Lundi 23 octobre 2000, Nantes

Au concert de Jonathan Richman et Giant Sand avec Philippe. L’Olympic pas bondé pour une fois. Une drôle de salade américaine. Dans Giant Sand, la musique est très ancrée dans l’imaginaire américain blues et hillbilly revu par le rock contemporain ; mais déjà, on ne se la joue pas trop ; Howie Gelb, le chanteur, un gars qui a de la bouteille, commence tout seul au piano avant que les lumières de la salle ne soient éteintes, à tel point que tout le monde pense au début que c’est un roadie qui effectue un réglage de dernière minute (en plus, le type porte une casquette de base-ball) ; puis il passe du piano à la guitare et vice-versa sans trop se soucier de savoir si ça ne va pas faire un trou dans le morceau ; de temps en temps, les deux choristes jouent aussi de la guitare et de la basse ; il propose au joueur de pedal steel de chanter une de ses chansons personnelles — et lorsque celui-ci l’a informé de laquelle il allait jouer, il acquiesce qu’il a raison, que celle-ci est très bien, puis tout le monde s’y met, etc. L’ambiance est donc assez familiale, détendue, on prend le temps de jouer, de faire de longues intros au piano qui louchent un peu vers le jazz de Thelonius Monk, on déstructure les morceaux, qui finissent par ressembler à des dentelles de chansons faites entre vieilles connaissances. Et surtout, il s’agit d’une vraie famille : Joey Burns et John Convertino sont à la rythmique (ils jouaient dans Giant Sand bien avant de former Calexico), les deux choristes sont les chanteuses d’un groupe de Rennes, Candy Prunes, et — on le découvre à la fin lorsque Howie Gelb le présente — le type dans le coin qui joue de la guitare, c’est John Parish : le John Parish « mentor » de PJ Harvey. Giant Sand est un groupe underground, mais de la crème de l’underground.
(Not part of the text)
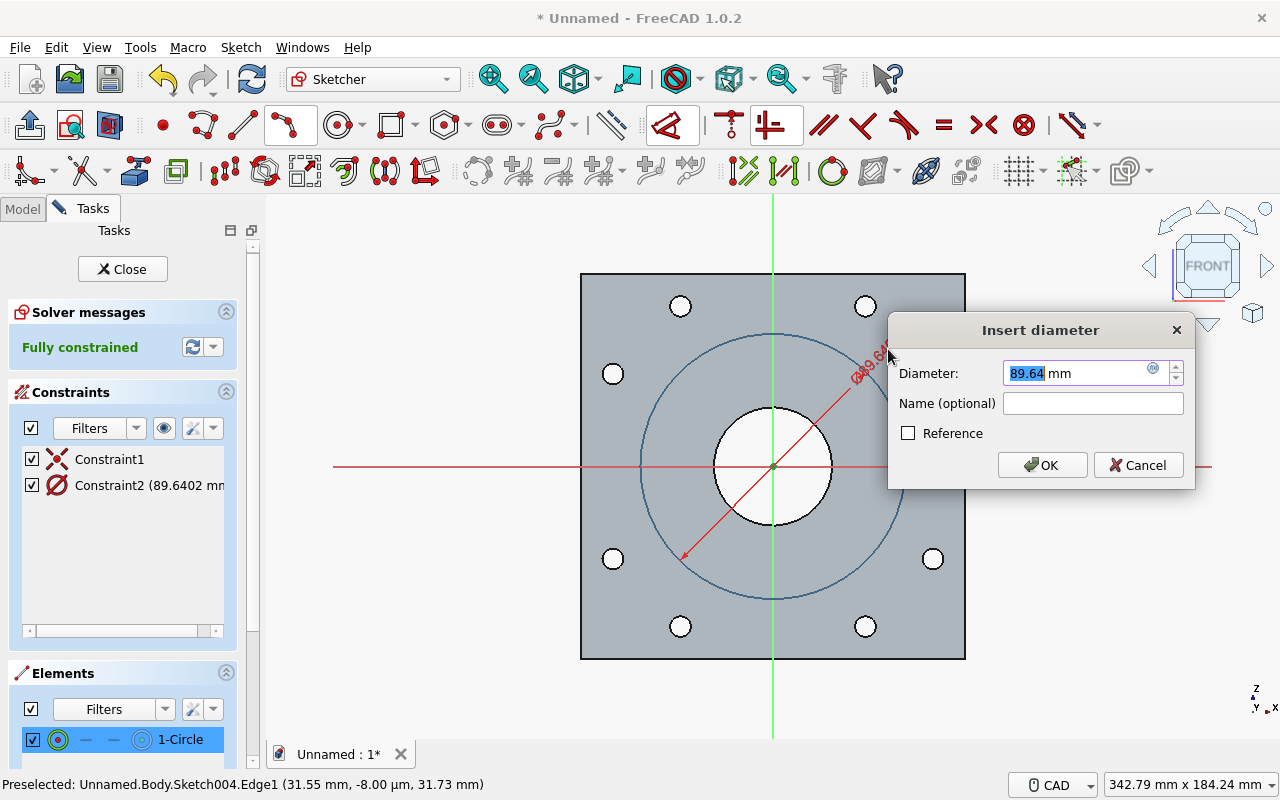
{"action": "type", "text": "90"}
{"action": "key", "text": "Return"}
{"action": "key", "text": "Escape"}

Mais tout ça n’est rien à côté de Jonathan Richman, qui, lui, est un phénomène rare, tout à fait à la hauteur de sa réputation d’original. Déjà, première fois que je vois ça à l’Olympic, il ne joue pas sur la sono de la salle (la console est donc au chômage), mais avec deux enceintes modestes qu’il a apportées, et qu’il se charge lui-même d’allumer et d’éteindre, ou de régler, de préférence au beau milieu d’un morceau : comme lorsqu’il s’arrête pour boire un coup d’eau — mais comme les morceaux sont la plupart du temps enchaînés, il faut bien trouver un autre moment pour s’arrêter. Et puis ce n’est pas trop grave, vu qu’ils ne sont que deux : lui à la guitare à cordes nylon, branchée directement sur la sono, et un moustachu qui approche comme lui de la cinquantaine, et joue debout d’une batterie minimale — donc pas trop difficile de se suivre. Il vaut mieux d’ailleurs, puisque Jonathan Richman s’arrête sans cesse, pour faire des commentaires, régler le son, donc, esquisser un petit pas de danse disco, etc. Le tout avec un visage d’une tristesse à pleurer — mi-clown blanc, mi-clochard céleste. Mais un jeu de guitare impressionnant de liberté, foutraque et maîtrisé, et une voix pure, dont il joue avec d’autant plus de précision qu’il se permet un peu n’importe quoi (Dominique A était dans la salle, et je comprends assez ce qu’il a pu tirer de son écoute — le public était d’ailleurs en majorité constitué de fans très convaincus, d’une moyenne d’âge bien plus élevée que la majorité des concerts à l’Olympic[1]. Le tout au service de chansons terriblement rock’n’roll, malgré leur minimalisme dépouillé et le fait qu’elles ne soient de temps en temps que par bribes : depuis Jon Spencer, je n’avais pas vu un concert aussi rock’n’roll ; et rarement une prestation aussi pleine de joie contagieuse.

[1] Même Loïc Francheteau est venu : la première fois qu’il mettait les pieds dans la salle depuis cinq ans qu’elle est rouverte.